Chevron

InfluenceMap Score
for Climate Policy Engagement
D-
Performance Band
46%
Organization Score
41%
Relationship Score
Sector:
Energy
Head​quarters:
San Ramon, United States
Brands and Associated Companies:
Texaco, Caltex
Official Web Site:

Climate Policy Engagement Overview: Chevron demonstrates negative engagement on climate policies across regions. The company actively opposes climate regulations and advocates to maintain fossil fuels in the energy mix. It retains memberships to several industry associations engaged in obstructive climate policy advocacy.

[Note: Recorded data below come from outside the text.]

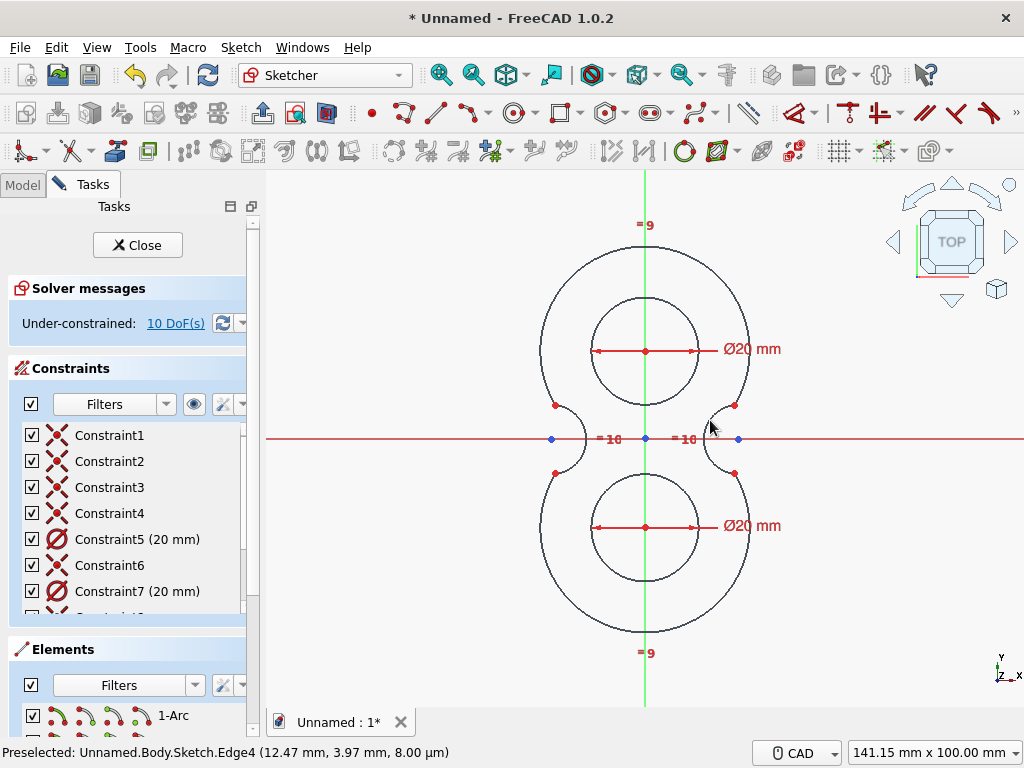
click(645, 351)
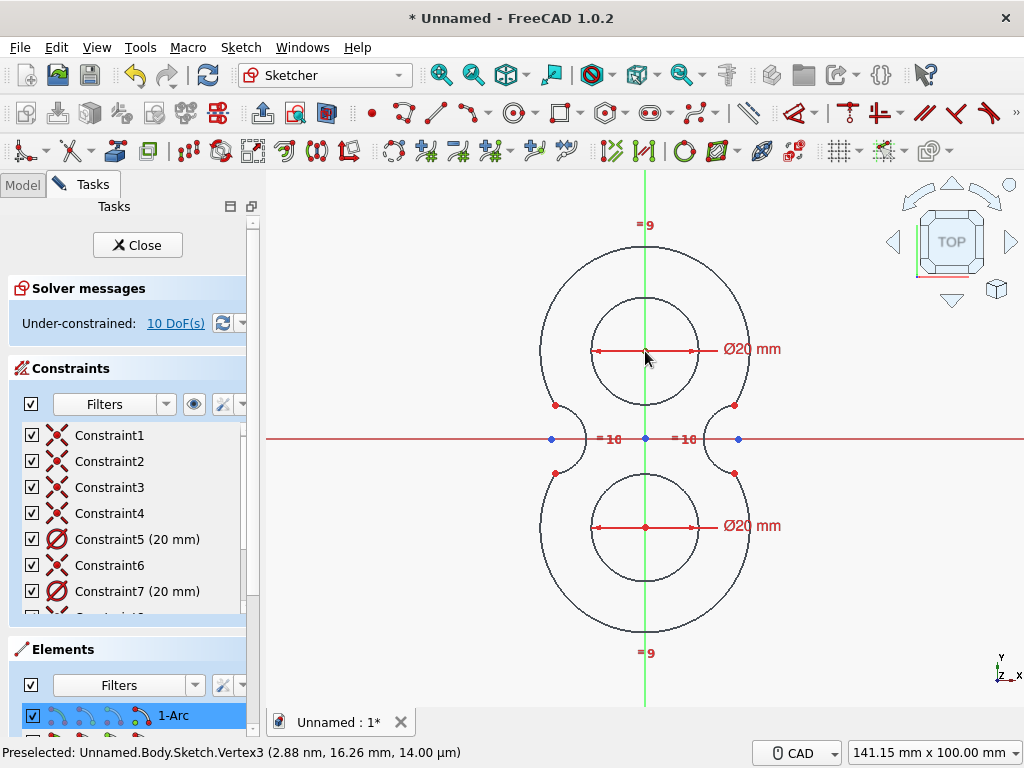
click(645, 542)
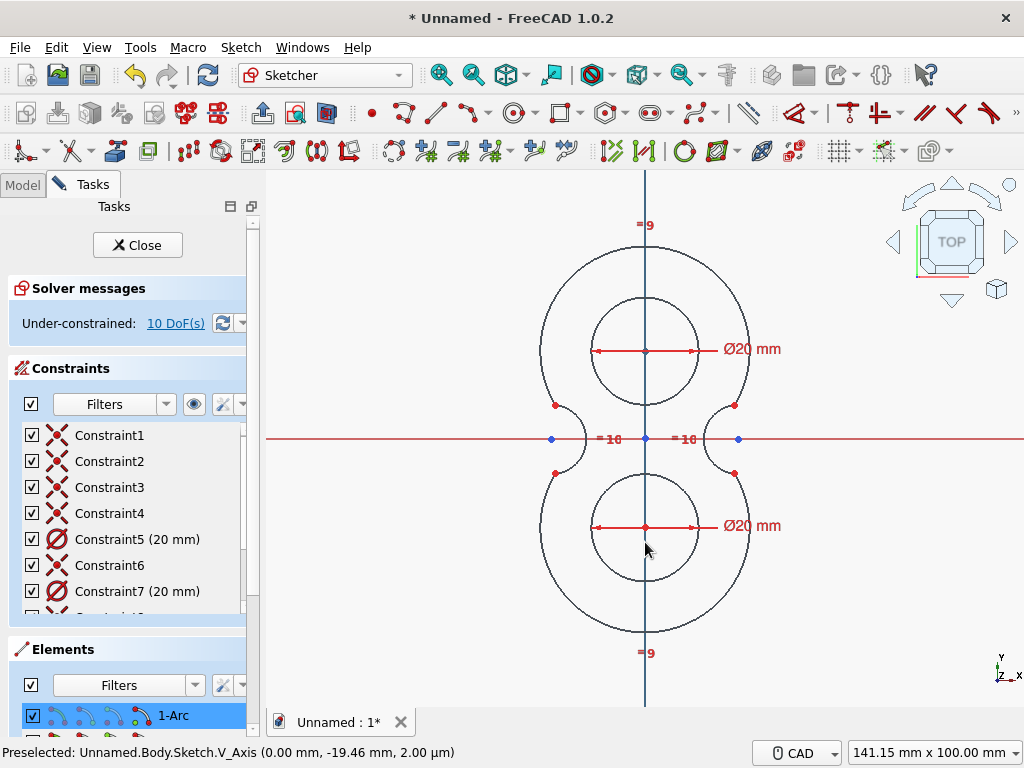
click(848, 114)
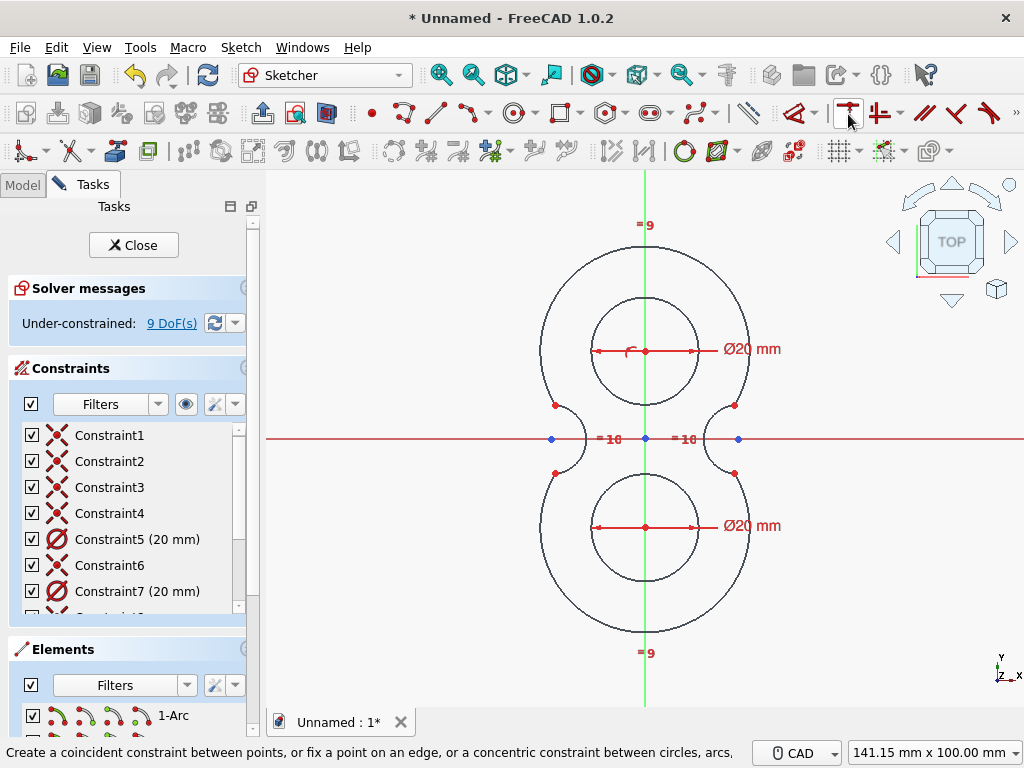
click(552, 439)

Top-line Messaging on Climate Policy: Chevron’s high-level communications appear to support climate action broadly. The company has stated support for the Paris Agreement, as per its website, when accessed in July 2024. In the Methane Report, published in October 2022, Chevron stated support for the Global Methane Pledge that seeks to reduce methane emissions consistent with the 1.5°C goal. However, Chevron’s recent communications have not stated support for limiting global warming to 1.5°C/2°C in line with the objectives of the Paris Agreement.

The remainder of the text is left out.